**WORK INSTRUCTIONS:** In the material below, the lines from the one containing "88.5l4.6-.1 .2 .1v.3a13.1" through the one containing "105.4l3.4 .9v-1.2l-.9-.1-.1-.3 1-.1v-.6l.3-.2" are to be given again exactly, ends included, and no others.

== Segment start ==

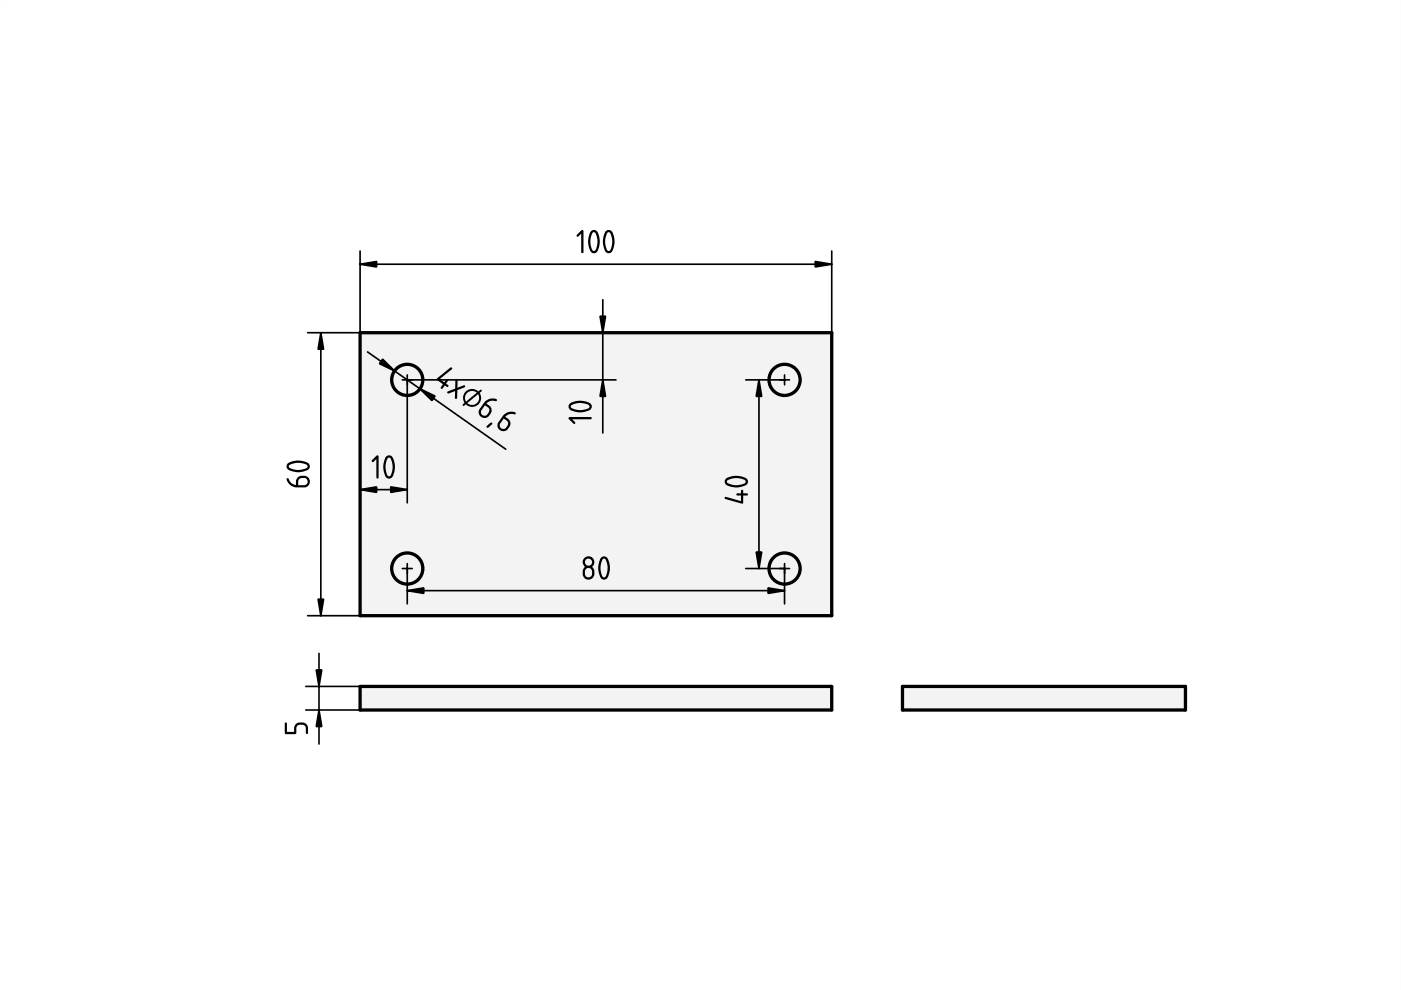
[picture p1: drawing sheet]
<svg xmlns="http://www.w3.org/2000/svg" width="297mm" height="210mm" viewBox="0 0 297 210" stroke-linecap="round" stroke-linejoin="round" font-family="sans-serif">
<path d="M0 0h297v210h-297zM0 0v210h297v-210z" fill="#000"/>
<path d="M76.3 145.5h100v5h-100z" fill-rule="evenodd" fill="#f1f3f5"/>
<path d="M76.3 145.5h100v5h-100z" fill="none" stroke="#000" stroke-width=".7"/>
<path d="M60.5 153.2l.3 .1v1.9h1.6a1.54 1.54 0 0 1 1-2 1.54 1.54 0 0 1 1.9 1.2v1l-.2 .2-.2-.1-.1-1a1.03 1.03 0 0 0-1-.9 1.03 1.03 0 0 0-1 .9l-.1 1.1h-2.2l-.1-.2z" fill="#000"/>
<path d="M67.6 138.5v19.3M64.8 145.5h11.5M64.8 150.5h11.5" fill="none" stroke="#000" stroke-width=".35"/>
<path d="M67 142h1.2l-.6 3.5zM67.6 150.5l.6 3.5h-1.2z" fill="#000" stroke="#000" stroke-width=".35"/>
<g fill="#f1f3f5">
<path d="M76.3 70.5h100v60h-100z" fill-rule="evenodd"/>
<circle cx="166.3" cy="120.5" r="3.3"/>
<circle cx="166.3" cy="80.5" r="3.3"/>
<circle cx="86.3" cy="80.5" r="3.3"/>
<circle cx="86.3" cy="120.5" r="3.3"/>
</g>
<g fill="none" stroke="#000" stroke-width=".7">
<path d="M76.3 70.5h100v60h-100z"/>
<circle cx="86.3" cy="80.5" r="3.3"/>
<circle cx="166.3" cy="80.5" r="3.3"/>
<circle cx="86.3" cy="120.5" r="3.3"/>
<circle cx="166.3" cy="120.5" r="3.3"/>
</g>
<g fill="#fff" stroke="#000" stroke-width=".35">
<path d="M86.3 79.5v2.1zM85.3 80.5h2.1z" fill-rule="evenodd"/>
<path d="M166.3 79.5v2.1zM165.3 80.5h2.1z" fill-rule="evenodd"/>
<path d="M86.3 119.5v2.1zM85.3 120.5h2.1z" fill-rule="evenodd"/>
<path d="M166.3 119.5v2.1zM165.3 120.5h2.1z" fill-rule="evenodd"/>
</g>
<g fill="#000">
<path d="M123.2 48.9l.4-.1 .1 .2v4.4l-.1 .2h-.3a13.1 13.1 0 0 1-.1-4.1l-.6 .7-.3-.1v-.3zM125.7 49.3a3.6 3.6 0 0 0 .1 3.9h.1a1.82 1.82 0 0 0 .8-1.8v-.4a2.23 2.23 0 0 0-.8-1.8zM125.4 48.9a.98 .98 0 0 1 1.5 .8l.3 1.5a3.2 3.2 0 0 1-1 2.5 1.01 1.01 0 0 1-1.3-1l-.2-1.5a4.1 4.1 0 0 1 .7-2.3zM128.9 49.3a3.6 3.6 0 0 0 0 3.9h.1a1.82 1.82 0 0 0 .8-1.8v-.4a2.23 2.23 0 0 0-.7-1.8zM128.5 48.9a.98 .98 0 0 1 1.6 .8l.2 1.5a3.2 3.2 0 0 1-1 2.5 1.01 1.01 0 0 1-1.2-1l-.3-1.5a4.1 4.1 0 0 1 .7-2.3z"/>
<path d="M92.7 80.2l2.8-2.3 .4 .2-2.7 2.3 1 .7 .5-.7h.3v.2l-.4 .7 .5 .4-.1 .3-.1 .1-.6-.4-.5 .7h-.3v-.3l.4-.6-1.2-.9-.1-.1zM96.6 80.6l.1-.1 .3 .2v1.5l1.3-.5 .3 .2-.2 .3-1.4 .5-.1 1.7-.2 .2-.3-.3 .1-1.4-1.3 .5-.4-.1 .2-.3 1.5-.6zM98.7 83.1a1.93 1.93 0 0 1 2.7-.1l.5-.4 .2 .1v.2l-.4 .4a1.91 1.91 0 0 1-.4 2.5 1.91 1.91 0 0 1-2.5-.1l-.5 .4-.2-.1v-.3l.4-.3a1.9 1.9 0 0 1 .2-2.3zM99 83.3l-.4 1 .2 .9 2.3-1.9a1.51 1.51 0 0 0-2.1 0zM99.1 85.5a1.5 1.5 0 0 0 1.9 0 1.5 1.5 0 0 0 .4-1.9zM102.9 85.1a1.94 1.94 0 0 1 2.5-.3l-.1 .2a2.71 2.71 0 0 0-2 .3l-.2 .3a1.52 1.52 0 0 1 1 2 1.52 1.52 0 0 1-2.1 .8l-.4-.5-.1-.9zM102.8 85.9l-.7 1.1a.76 .76 0 0 0 .2 1 .76 .76 0 0 0 1-.1l.4-.6v-.4a1.32 1.32 0 0 0-.9-1zM103.2 90.3l.9-.7 .3 .2-1 .9-.3-.2zM106.9 87.9a1.94 1.94 0 0 1 2.5-.3l-.1 .2a2.71 2.71 0 0 0-2 .3l-.2 .3a1.52 1.52 0 0 1 1 2 1.52 1.52 0 0 1-2.1 .8l-.4-.5-.1-.9zM106.8 88.7l-.7 1.1a.76 .76 0 0 0 .2 1 .76 .76 0 0 0 1-.1l.4-.6v-.4a1.32 1.32 0 0 0-.9-1z"/>
<path d="M79.8 96.6h.4l.1 .2v4.4l-.1 .2h-.3a13.1 13.1 0 0 1-.1-4.1l-.7 .7-.2-.1v-.3zM82.3 97.1a3.6 3.6 0 0 0 0 3.9h.2a1.82 1.82 0 0 0 .7-1.8v-.4a2.23 2.23 0 0 0-.7-1.8zM82 96.7a.98 .98 0 0 1 1.5 .8l.2 1.5a3.2 3.2 0 0 1-.9 2.4 1.01 1.01 0 0 1-1.3-.9l-.2-1.5a4.1 4.1 0 0 1 .7-2.3z"/>
<path d="M120.6 88.5l4.6-.1 .2 .1v.3a13.1 13.1 0 0 1-4.1 .1l.7 .7-.1 .2h-.3l-1-.9zM121.1 86l-.1 .2a2.34 2.34 0 0 0 2 .8l.3-.1a1.93 1.93 0 0 0 1.7-.7 1.82 1.82 0 0 0-1.8-.7l-1.1 .1zM120.7 85.7a4.1 4.1 0 0 1 4.6 0 .96 .96 0 0 1-.8 1.5l-1.5 .2a4.1 4.1 0 0 1-2.3-.7 .92 .92 0 0 1 0-1z"/>
<path d="M60.8 101.4h.2a2.71 2.71 0 0 0 1.4 1.4h.3a1.52 1.52 0 0 1 1.1-1.9 1.52 1.52 0 0 1 1.9 1.3l-.4 .8-.7 .3a3.9 3.9 0 0 1-2.8-.3 1.67 1.67 0 0 1-1-1.6zM63.5 101.6a1.32 1.32 0 0 0-.3 1.3h1.3a.76 .76 0 0 0 .7-.8 .76 .76 0 0 0-.7-.7h-.7zM61.3 98.7l-.1 .2a2.34 2.34 0 0 0 2 .7h.3a1.93 1.93 0 0 0 1.7-.7 1.82 1.82 0 0 0-1.8-.8l-1.1 .1zM60.9 98.4a4.1 4.1 0 0 1 4.6 0 .96 .96 0 0 1-.8 1.5l-1.5 .2a4.1 4.1 0 0 1-2.3-.7 .92 .92 0 0 1 0-1z"/>
<path d="M153.7 105.4l3.4 .9v-1.2l-.9-.1-.1-.3 1-.1v-.6l.3-.2 .1 .1 .1 .7h.9l.1 .2-.3 .3h-.7v1.5l-.2 .2-3.6-1zM154.2 101.9l-.1 .2a2.34 2.34 0 0 0 2 .8h.3a1.93 1.93 0 0 0 1.7-.8 1.82 1.82 0 0 0-1.8-.7l-1.1 .1zM153.8 101.6a4.1 4.1 0 0 1 4.6 0 .96 .96 0 0 1-.8 1.5l-1.5 .3a4.1 4.1 0 0 1-2.3-.7 .92 .92 0 0 1 0-1.1z"/>
<path d="M124.3 120.6l-.3 .6a1.03 1.03 0 0 0 .3 1.1 .77 .77 0 0 0 .8 0 .77 .77 0 0 0 .4-.6 .86 .86 0 0 0-.1-1 .86 .86 0 0 0-1-.2zM124 119.2a.76 .76 0 0 0 1.5 0 .76 .76 0 0 0-1.5 0zM123.8 118.4a1.25 1.25 0 0 1 1.9-.1 1.25 1.25 0 0 1-.2 1.9 1.49 1.49 0 0 1 .5 1.7 1.49 1.49 0 0 1-1.5 1 1.58 1.58 0 0 1-.5-2.7l-.4-.8v-.5zM127.9 118.5a3.6 3.6 0 0 0 0 3.9h.2a1.82 1.82 0 0 0 .7-1.8v-.4a2.23 2.23 0 0 0-.7-1.8zM127.5 118.1a.98 .98 0 0 1 1.6 .9l.2 1.4a3.2 3.2 0 0 1-.9 2.5 1.01 1.01 0 0 1-1.3-1l-.3-1.5a4.1 4.1 0 0 1 .7-2.3z"/>
</g>
<g fill="none" stroke="#000" stroke-width=".35">
<path d="M76.3 56h100M76.3 53.2v17.3h-11.1M176.3 53.2v17.3M68 70.5v60M77.9 74.6l29.3 20.6M86.3 70.5h44.3M127.8 63.5v28.3M76.3 80.5v26.1M130.6 80.5h-44.3v26.1M158.1 80.5h8.2M160.9 80.5v40M76.3 103.8h10"/>
<path d="M65.2 130.5h11.1M86.3 120.5v7.5M86.3 125.2h80M158.1 120.5h8.2v7.5"/>
</g>
<g fill="#000" stroke="#000" stroke-width=".35">
<path d="M76.3 56l3.5-.6v1.2zM172.8 55.4l3.5 .6-3.5 .6zM68 70.5l.6 3.5h-1.2zM81.1 76.2l2.5 2.4-3.1-1.5zM127.2 67h1.2l-.6 3.5zM89 82.4l3.2 1.6-.6 .9zM127.8 80.5l.6 3.5h-1.2zM160.9 80.5l.6 3.5h-1.2zM76.3 103.8l3.5-.6v1.2zM82.8 103.2l3.5 .6-3.5 .6zM67.4 127h1.2l-.6 3.5zM86.3 125.2l3.5-.6v1.2z"/>
<path d="M160.3 117h1.2l-.6 3.5zM162.8 124.6l3.5 .6-3.5 .6z"/>
</g>
<path d="M191.3 145.5h60v5h-60z" fill-rule="evenodd" fill="#f1f3f5"/>
<path d="M191.3 145.5h60v5h-60z" fill="none" stroke="#000" stroke-width=".7"/>
</svg>

== Segment end ==

**ANSWER SECTION:**
<path d="M120.6 88.5l4.6-.1 .2 .1v.3a13.1 13.1 0 0 1-4.1 .1l.7 .7-.1 .2h-.3l-1-.9zM121.1 86l-.1 .2a2.34 2.34 0 0 0 2 .8l.3-.1a1.93 1.93 0 0 0 1.7-.7 1.82 1.82 0 0 0-1.8-.7l-1.1 .1zM120.7 85.7a4.1 4.1 0 0 1 4.6 0 .96 .96 0 0 1-.8 1.5l-1.5 .2a4.1 4.1 0 0 1-2.3-.7 .92 .92 0 0 1 0-1z"/>
<path d="M60.8 101.4h.2a2.71 2.71 0 0 0 1.4 1.4h.3a1.52 1.52 0 0 1 1.1-1.9 1.52 1.52 0 0 1 1.9 1.3l-.4 .8-.7 .3a3.9 3.9 0 0 1-2.8-.3 1.67 1.67 0 0 1-1-1.6zM63.5 101.6a1.32 1.32 0 0 0-.3 1.3h1.3a.76 .76 0 0 0 .7-.8 .76 .76 0 0 0-.7-.7h-.7zM61.3 98.7l-.1 .2a2.34 2.34 0 0 0 2 .7h.3a1.93 1.93 0 0 0 1.7-.7 1.82 1.82 0 0 0-1.8-.8l-1.1 .1zM60.9 98.4a4.1 4.1 0 0 1 4.6 0 .96 .96 0 0 1-.8 1.5l-1.5 .2a4.1 4.1 0 0 1-2.3-.7 .92 .92 0 0 1 0-1z"/>
<path d="M153.7 105.4l3.4 .9v-1.2l-.9-.1-.1-.3 1-.1v-.6l.3-.2 .1 .1 .1 .7h.9l.1 .2-.3 .3h-.7v1.5l-.2 .2-3.6-1zM154.2 101.9l-.1 .2a2.34 2.34 0 0 0 2 .8h.3a1.93 1.93 0 0 0 1.7-.8 1.82 1.82 0 0 0-1.8-.7l-1.1 .1zM153.8 101.6a4.1 4.1 0 0 1 4.6 0 .96 .96 0 0 1-.8 1.5l-1.5 .3a4.1 4.1 0 0 1-2.3-.7 .92 .92 0 0 1 0-1.1z"/>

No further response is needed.